[Data records]
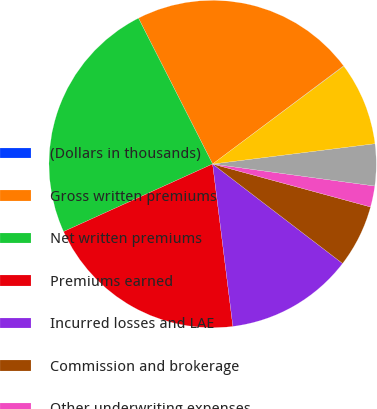Convert chart. <chart><loc_0><loc_0><loc_500><loc_500><pie_chart><fcel>(Dollars in thousands)<fcel>Gross written premiums<fcel>Net written premiums<fcel>Premiums earned<fcel>Incurred losses and LAE<fcel>Commission and brokerage<fcel>Other underwriting expenses<fcel>Underwriting gain (loss)<fcel>Commission and brokerage Other<nl><fcel>0.04%<fcel>22.25%<fcel>24.29%<fcel>20.2%<fcel>12.63%<fcel>6.17%<fcel>2.08%<fcel>4.13%<fcel>8.22%<nl></chart> 
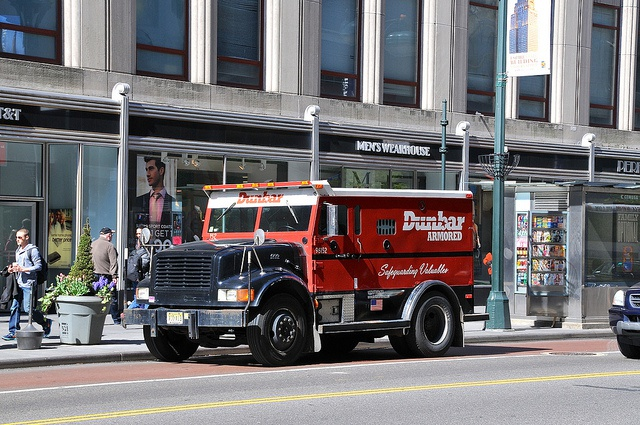Describe the objects in this image and their specific colors. I can see truck in darkblue, black, maroon, gray, and darkgray tones, potted plant in darkblue, black, lightgray, darkgray, and gray tones, people in darkblue, black, gray, and darkgray tones, people in darkblue, black, white, darkgray, and navy tones, and car in darkblue, black, gray, navy, and darkgray tones in this image. 
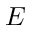Convert formula to latex. <formula><loc_0><loc_0><loc_500><loc_500>E</formula> 
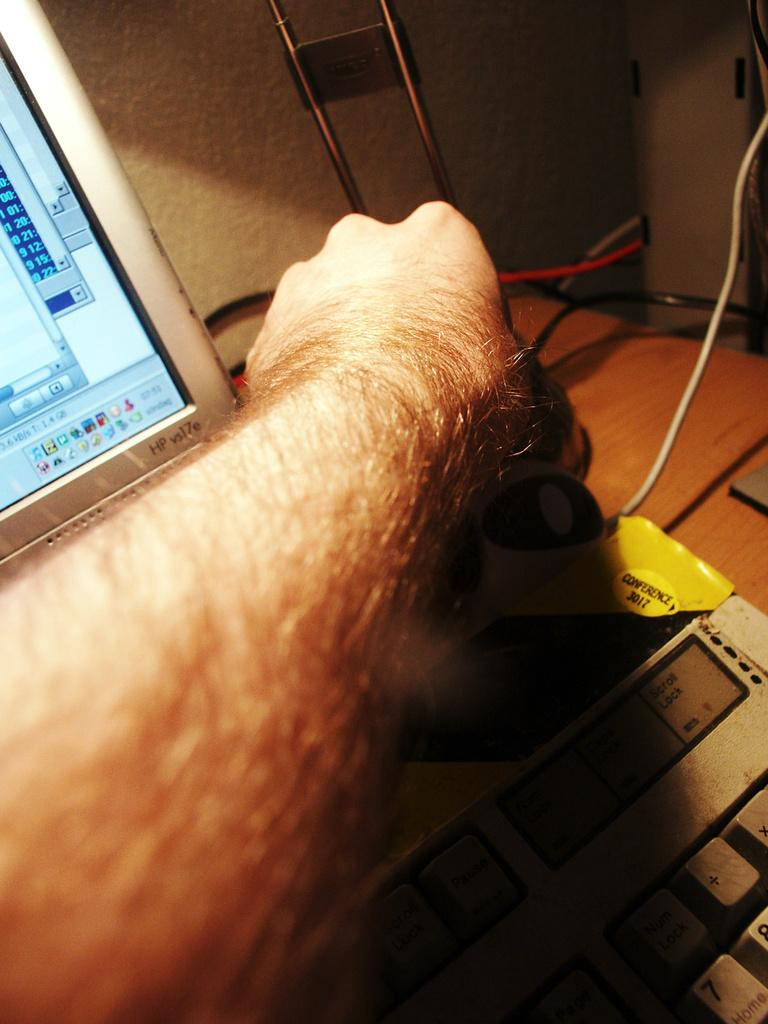<image>
Render a clear and concise summary of the photo. A man is using a HP vs17e laptop 
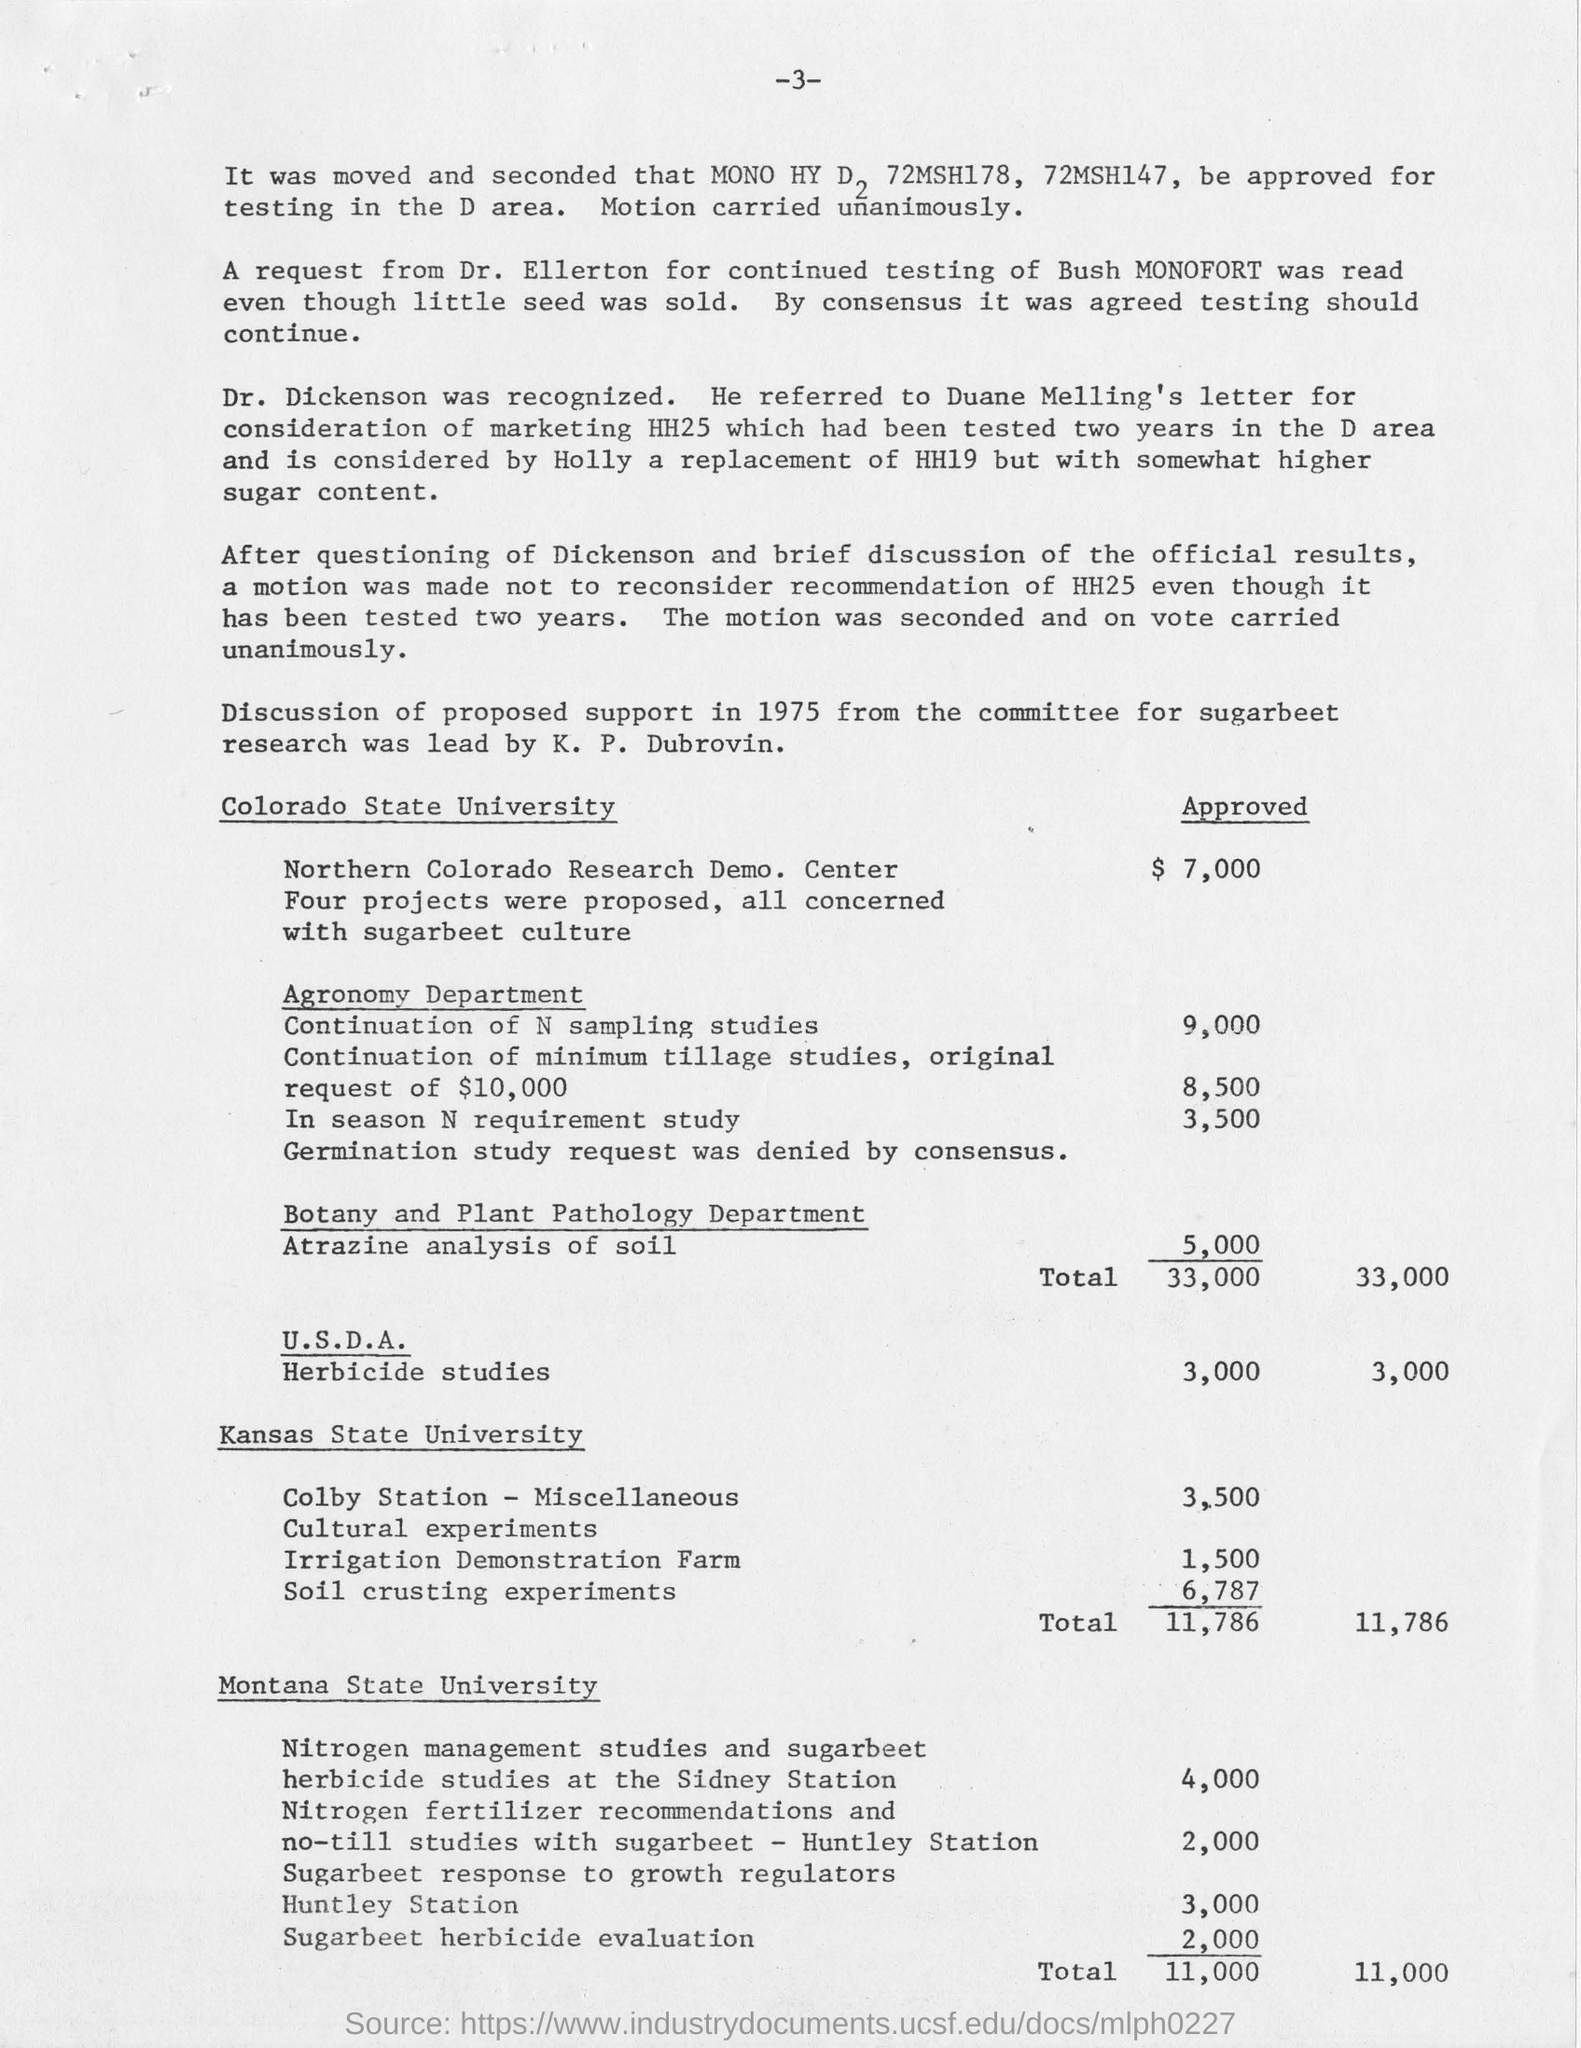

* About this task:
All of the records above are to be copied exactly, minus the pictures.

* Reply:
Convert chart. <chart><loc_0><loc_0><loc_500><loc_500><pie_chart><fcel>(Dollars in thousands)<fcel>Gross written premiums<fcel>Net written premiums<fcel>Premiums earned<fcel>Incurred losses and LAE<fcel>Commission and brokerage<fcel>Other underwriting expenses<fcel>Underwriting gain (loss)<fcel>Commission and brokerage Other<nl><fcel>0.04%<fcel>22.25%<fcel>24.29%<fcel>20.2%<fcel>12.63%<fcel>6.17%<fcel>2.08%<fcel>4.13%<fcel>8.22%<nl></chart> 
Describe the objects in this image and their specific colors. I can see truck in darkblue, black, maroon, gray, and darkgray tones, potted plant in darkblue, black, lightgray, darkgray, and gray tones, people in darkblue, black, gray, and darkgray tones, people in darkblue, black, white, darkgray, and navy tones, and car in darkblue, black, gray, navy, and darkgray tones in this image. 
Convert formula to latex. <formula><loc_0><loc_0><loc_500><loc_500>E</formula> 
<image>
Render a clear and concise summary of the photo. A man is using a HP vs17e laptop 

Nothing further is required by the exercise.